The following day when I showed up for my shift at the cinder block building that housed the bathrooms, I was again surprised to see that there were other people cleaning them. They hadn’t signed the sheet, they just cleaned up messes as they occurred then left. As more people came to use the facilities, they would pick up mops or rags, tidy up a bit, and then head out. At first, I was confused, I made clear to people, even as they came to the building that I was on the bathroom shift. But gradually I started to understand why people were and had been so unresponsive. It was because for most of the people there, cleaning and helping out was a given, it wasn’t something that set someone apart. Everybody did their share and nobody was special for it. I was there mostly as insurance, it seemed.
I hadn’t previously encountered groups of people in which this was the norm. But I learned from this experience that while it’s important to volunteer and encourage volunteering – in the grand scheme of things, helping and doing our part is the natural order of things. It doesn’t make us special that we help and share, it’s just that we disconnect ourselves from the greater whole when we don’t. So, my standing around the bathroom proclaiming to everyone who would listen that I was “the volunteer” was kind of laughable in a way.
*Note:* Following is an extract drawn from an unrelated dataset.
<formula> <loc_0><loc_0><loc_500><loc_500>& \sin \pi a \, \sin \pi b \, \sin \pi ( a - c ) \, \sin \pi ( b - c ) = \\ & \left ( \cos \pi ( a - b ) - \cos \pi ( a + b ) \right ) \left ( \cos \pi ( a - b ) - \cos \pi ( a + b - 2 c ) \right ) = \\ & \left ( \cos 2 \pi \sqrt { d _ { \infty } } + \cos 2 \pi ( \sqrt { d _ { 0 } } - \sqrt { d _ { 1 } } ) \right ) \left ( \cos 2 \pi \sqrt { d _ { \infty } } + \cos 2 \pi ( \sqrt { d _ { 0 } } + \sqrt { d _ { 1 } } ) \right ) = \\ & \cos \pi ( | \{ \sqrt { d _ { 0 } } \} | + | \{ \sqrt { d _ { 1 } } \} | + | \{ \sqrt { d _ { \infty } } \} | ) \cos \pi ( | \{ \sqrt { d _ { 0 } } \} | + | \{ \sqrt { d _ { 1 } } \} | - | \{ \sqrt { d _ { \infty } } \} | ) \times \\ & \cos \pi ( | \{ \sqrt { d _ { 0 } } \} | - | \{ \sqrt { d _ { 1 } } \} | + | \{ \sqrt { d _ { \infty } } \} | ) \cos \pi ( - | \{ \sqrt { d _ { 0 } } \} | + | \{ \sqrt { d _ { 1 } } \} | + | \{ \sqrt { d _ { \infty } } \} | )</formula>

When we talk about volunteering, we can of course share the things we’re proud of. But it is also so valuable to discuss the lessons we’ve learned and aspects that challenged or humbled us. Because it’s those aspects that can be the greatest unifiers.
Conclusion
There’s a reason Don Quixote is such an iconic literary figure. He represents the internal drive to help and serve, and how clumsy and faltering the results can be sometimes. Helping others can be a much smoother process if we accept and prepare for that turbulence, and still show up anyway. Because at the end of the day, that is what Don Quixote would do. At least I think so, I haven’t finished the book yet.